Seeing these two films and reading descriptions of Hong's others lead me to believe that he works within a narrow subject band, but man oh man, does he work within it. Seeming fully to grasp Ebert's dictum that a film is not about what it is about but how it is about it, he minimizes the focus on the what and maximizes the focus on the how, sometimes going so far as to announce events in advance, thus freeing the audience of the burden of that what-happens-next? vigilance that sucks attention away from the other elements. In this film as well (apparently) as in his wider body of work, Hong uses patterns, cycles, repetition and a to enormous advantage, creating richness out of small-scale actions, interactions and conversations visited and revisited like themes echoed and varied throughout a piece of music. There's a certain kind of cinematic pointillism at work here, taking countless little (sometimes only loosely related) bits and pieces of life as you'd watch or hear if from the other side of a park or restaurant — one friend offering another the first walk through untouched snow, in this case, or a momentary outburst due to another's "American-style" hugging of one's wife, or the confrontation by a student of his teacher holding drunken court — and reassembling them into an image that, viewed, from two different distances, can be appreciated on two different scales.2 What you notice in the whole, you don't notice in the part; what you notice in the part, you don't notice in the whole.

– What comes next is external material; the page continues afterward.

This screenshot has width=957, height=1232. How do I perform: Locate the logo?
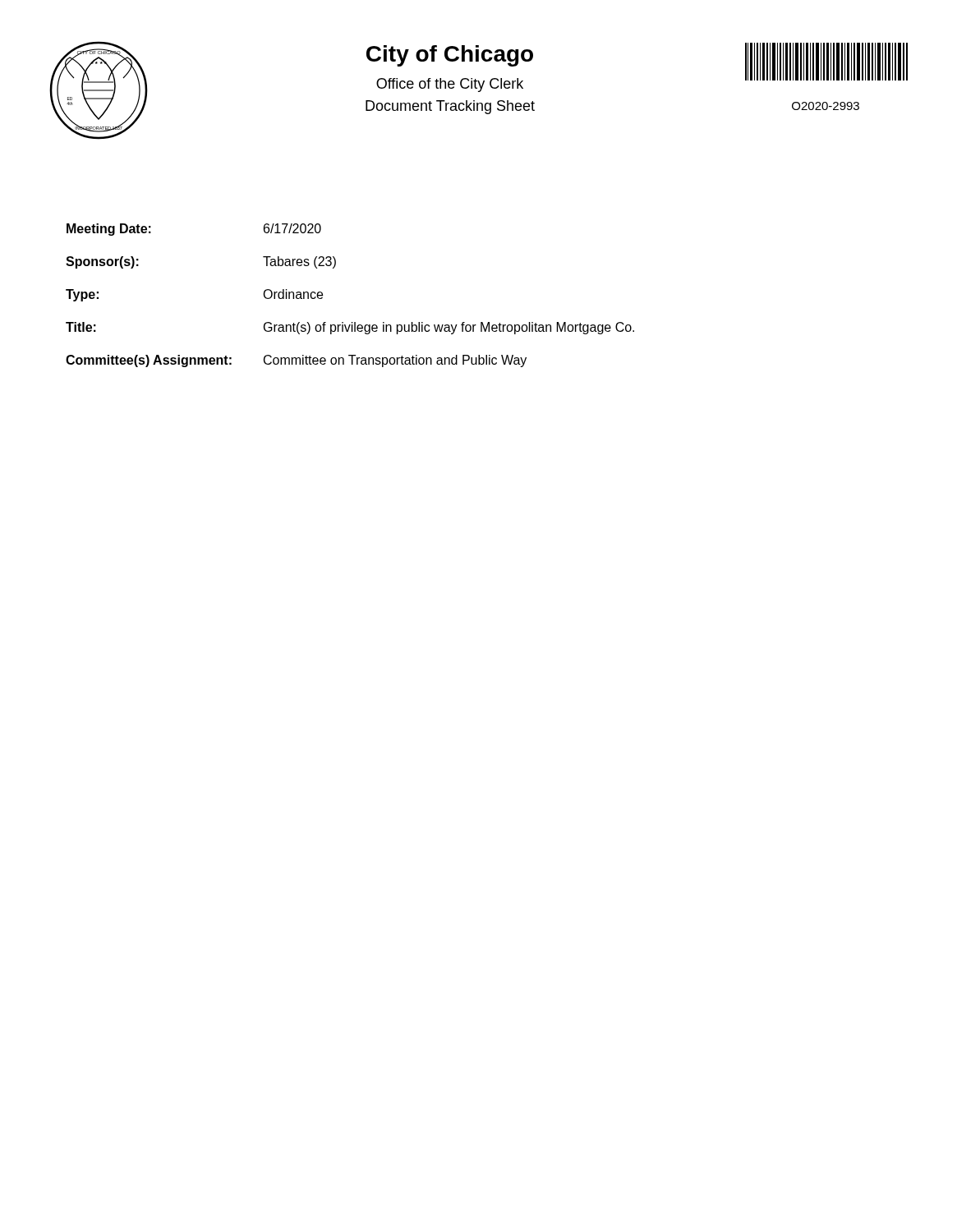[103, 92]

Perhaps it's best to quote Hong himself on his creative process:
I start with a very ordinary, banal situation, and this situation usually has something in it that makes me feel strongly. It's a stereotypical feeling, but very strong. I have this desire to look at it... perhaps it's a blind feeling. I put it on the table, and I look at it. I open up, and these pieces surface. They are not related, they conflict with each other. But I try to find a pattern that makes all these pieces fit into one.
Many complaints about Woman is the Future of Man's lack of a "payoff" float around the tubes, and indeed, that's just the sort of convention to which mediocre screenwriters enslave themselves. I say it's an indication of Hong's unusual skill: he grasps a great many things about cinema, but his most important understanding is that he's making films, not slot machines. What filmmaker couldn't stand to be reminded of that?
1
Some insist on calling it "South Korea", but really, isn't it so much
easier to call the south "Korea" and the north "North Korea"? It's just
like "Virginia" and "West Virginia": the trick is to stay out of the
one with the cardinal direction.
2 Hong also, so I hear, employs a great deal of wordplay and general verbal wit, which gives me something to look forward to fifty years from now when I have finally gotten a handle on the Korean language.